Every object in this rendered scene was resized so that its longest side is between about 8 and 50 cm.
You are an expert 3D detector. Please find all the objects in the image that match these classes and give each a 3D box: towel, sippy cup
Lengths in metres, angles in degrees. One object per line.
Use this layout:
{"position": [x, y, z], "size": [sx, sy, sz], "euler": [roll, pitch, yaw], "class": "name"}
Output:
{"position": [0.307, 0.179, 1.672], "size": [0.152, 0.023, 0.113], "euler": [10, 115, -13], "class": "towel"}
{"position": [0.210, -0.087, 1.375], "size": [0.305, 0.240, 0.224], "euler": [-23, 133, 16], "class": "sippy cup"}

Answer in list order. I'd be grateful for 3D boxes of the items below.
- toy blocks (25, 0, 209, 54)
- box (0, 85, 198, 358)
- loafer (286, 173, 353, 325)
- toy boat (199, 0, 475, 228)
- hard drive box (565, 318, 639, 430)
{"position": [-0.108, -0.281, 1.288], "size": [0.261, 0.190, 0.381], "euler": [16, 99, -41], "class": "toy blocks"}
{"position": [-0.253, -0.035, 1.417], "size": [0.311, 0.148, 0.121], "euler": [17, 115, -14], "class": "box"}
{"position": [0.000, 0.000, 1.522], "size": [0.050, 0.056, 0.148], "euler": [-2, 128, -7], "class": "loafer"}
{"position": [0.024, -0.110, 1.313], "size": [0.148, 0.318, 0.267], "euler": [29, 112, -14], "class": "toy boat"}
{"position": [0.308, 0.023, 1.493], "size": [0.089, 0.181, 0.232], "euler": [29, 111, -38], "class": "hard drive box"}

========

**TASK REQUIREMENTS:** Report each line of the data in which "that" occurs.

**RESULT:**
Every object in this rendered scene was resized so that its longest side is between about 8 and 50 cm.
You are an expert 3D detector. Please find all the objects in the image that match these classes and give each a 3D box: towel, sippy cup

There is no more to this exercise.